> Exercise: Locate every line below that contains the word "bounding" and copy it.
-*-
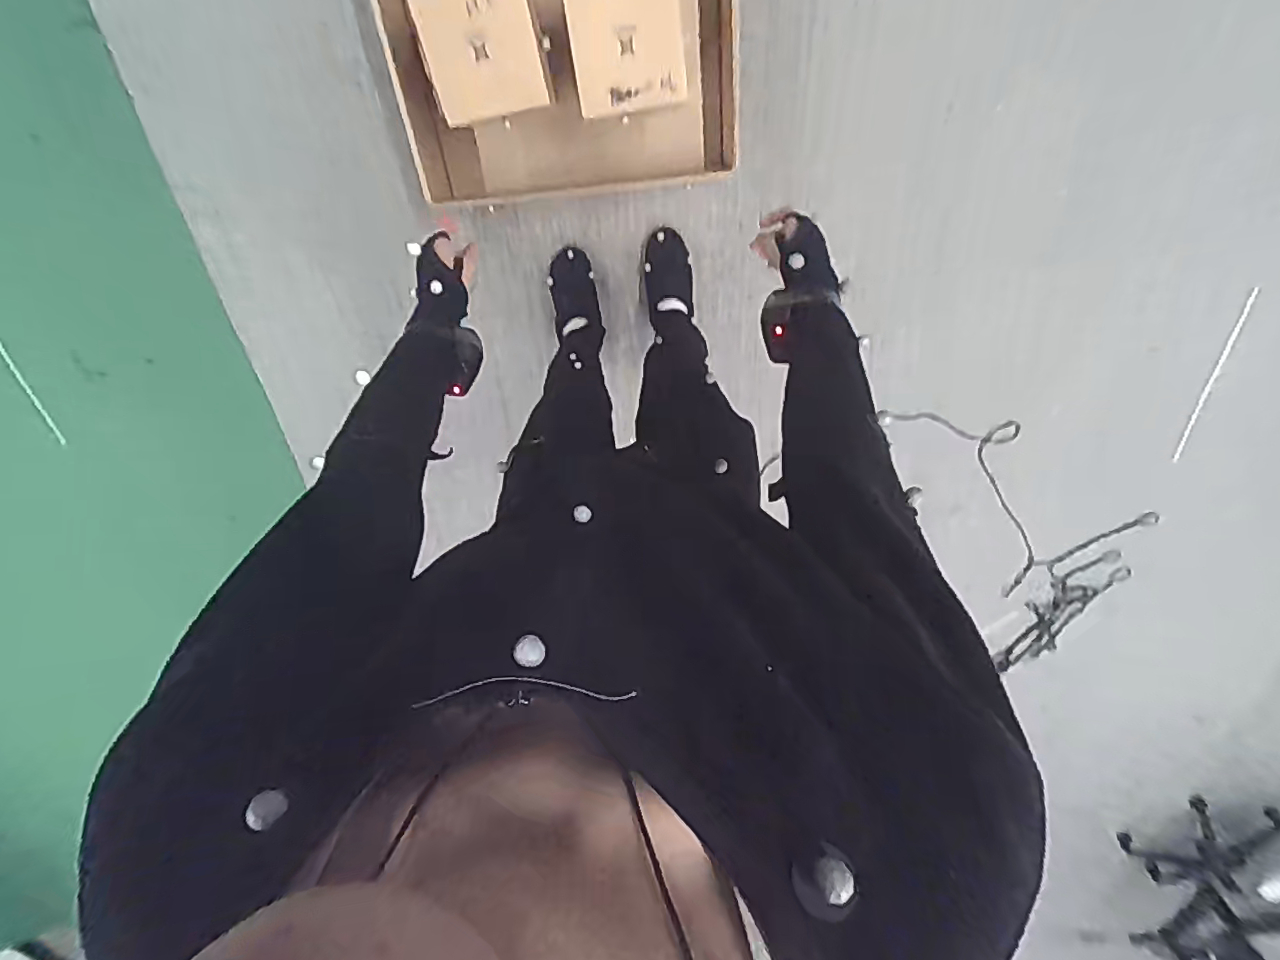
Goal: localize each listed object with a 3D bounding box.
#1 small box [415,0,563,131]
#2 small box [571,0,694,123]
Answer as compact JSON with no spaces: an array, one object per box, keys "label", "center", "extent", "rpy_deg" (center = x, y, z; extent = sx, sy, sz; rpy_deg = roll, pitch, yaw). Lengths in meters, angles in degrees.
[{"label":"small box","center":[-0.227,-0.675,0.861],"extent":[0.168,0.176,0.179],"rpy_deg":[-10,122,4]},{"label":"small box","center":[-0.007,-0.679,0.848],"extent":[0.168,0.176,0.179],"rpy_deg":[-6,121,7]}]
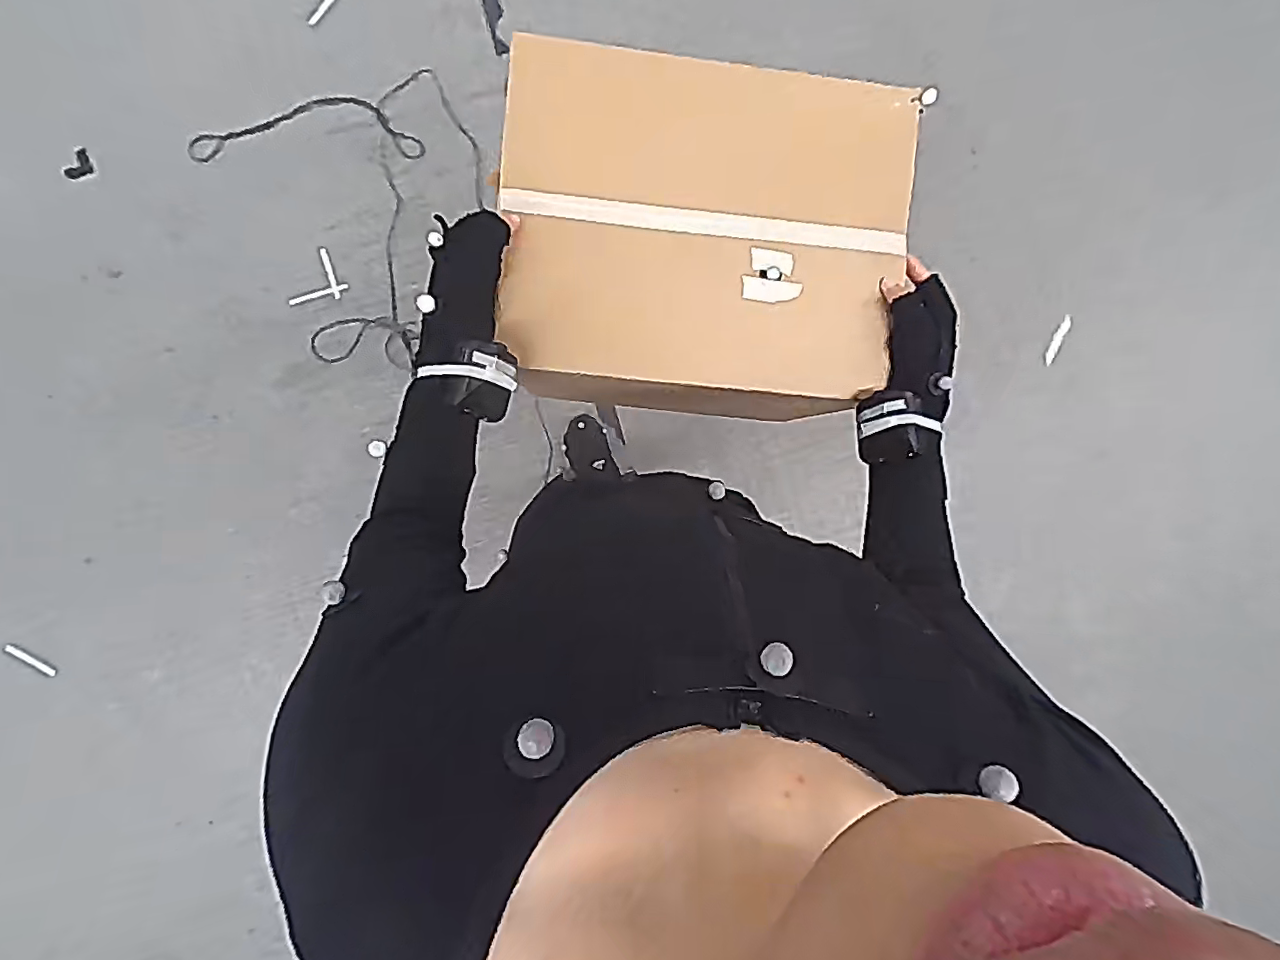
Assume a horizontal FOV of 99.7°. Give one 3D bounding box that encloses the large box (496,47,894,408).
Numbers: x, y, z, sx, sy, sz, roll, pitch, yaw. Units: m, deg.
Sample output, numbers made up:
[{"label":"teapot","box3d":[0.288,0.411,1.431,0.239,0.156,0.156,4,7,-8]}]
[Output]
[{"label":"large box","box3d":[0.046,-0.270,0.699,0.408,0.320,0.320,4,93,-5]}]
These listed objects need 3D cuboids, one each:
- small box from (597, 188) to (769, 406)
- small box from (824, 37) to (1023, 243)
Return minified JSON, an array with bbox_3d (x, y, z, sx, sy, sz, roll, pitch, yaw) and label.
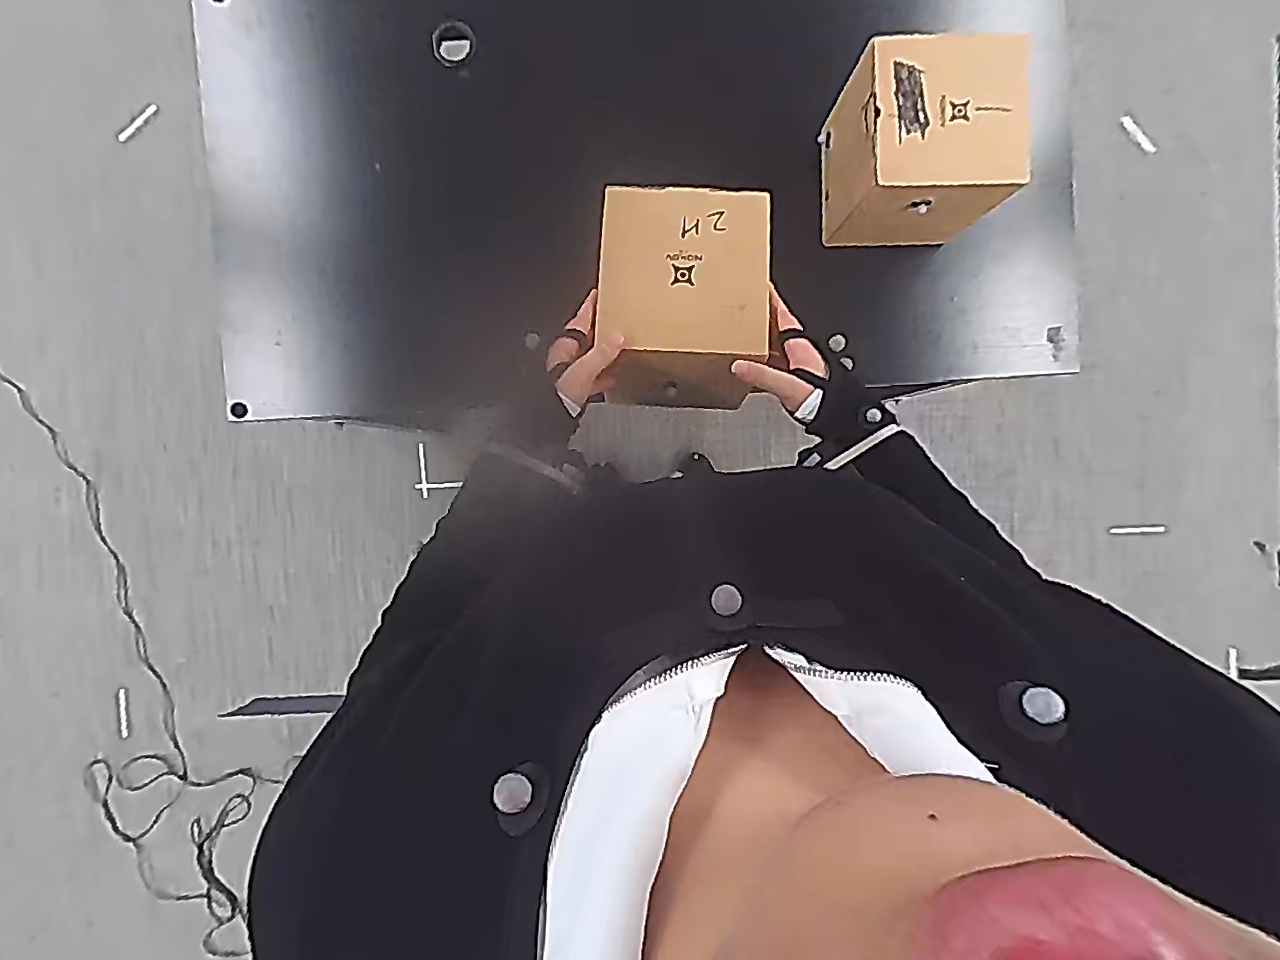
[{"bbox_3d":[0.046,-0.193,0.611,0.168,0.176,0.179,3,77,1],"label":"small box"},{"bbox_3d":[0.344,-0.416,0.688,0.179,0.176,0.168,-1,92,-1],"label":"small box"}]
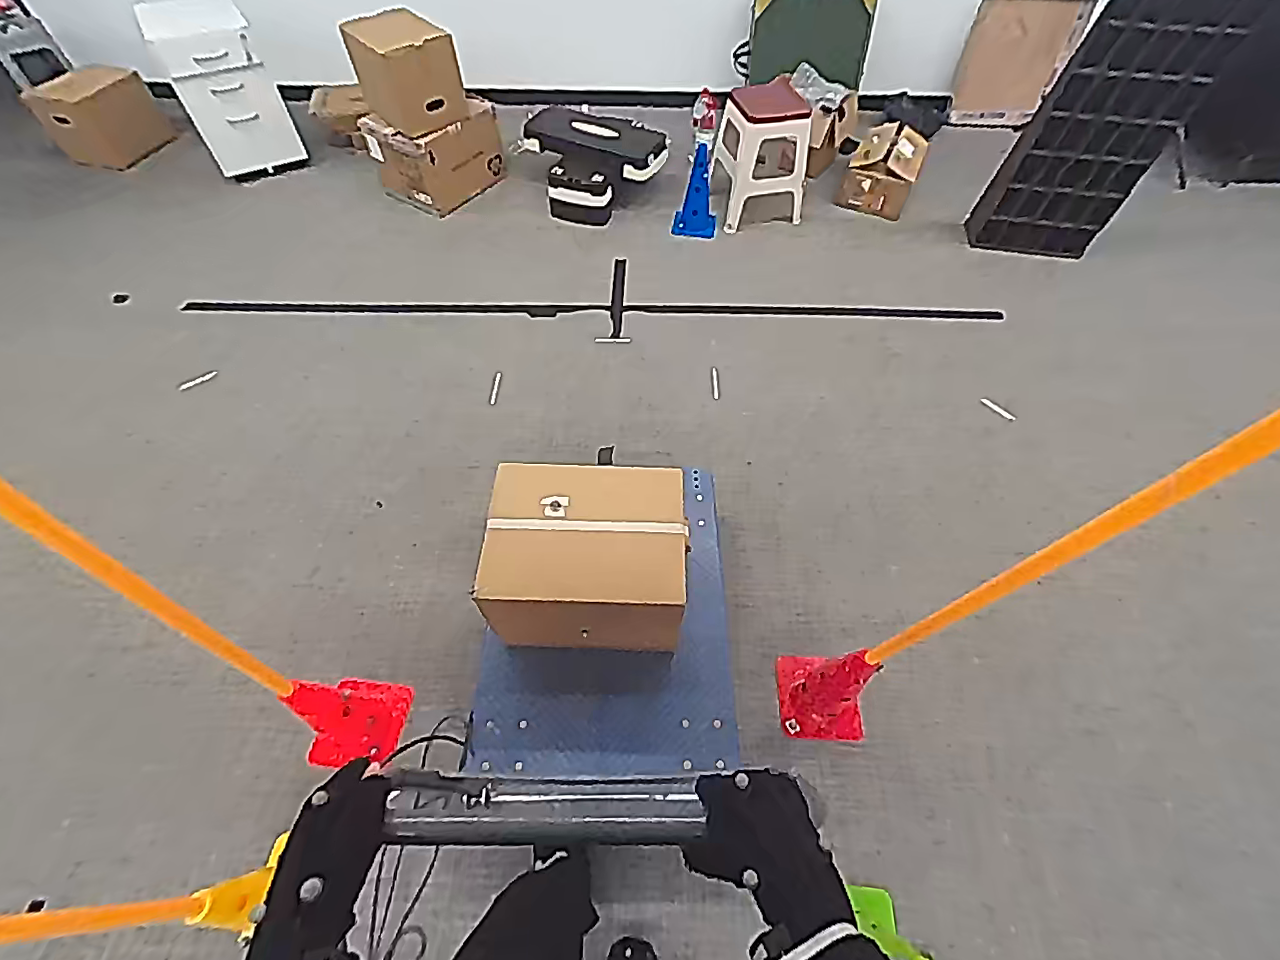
-*-
> Solution for this problem:
Goal: localize each listed object with a 3D bounding box.
Assume a horizontal FOV of 99.7°. Give one 3D bounding box that encloses the large box (496,47,894,408).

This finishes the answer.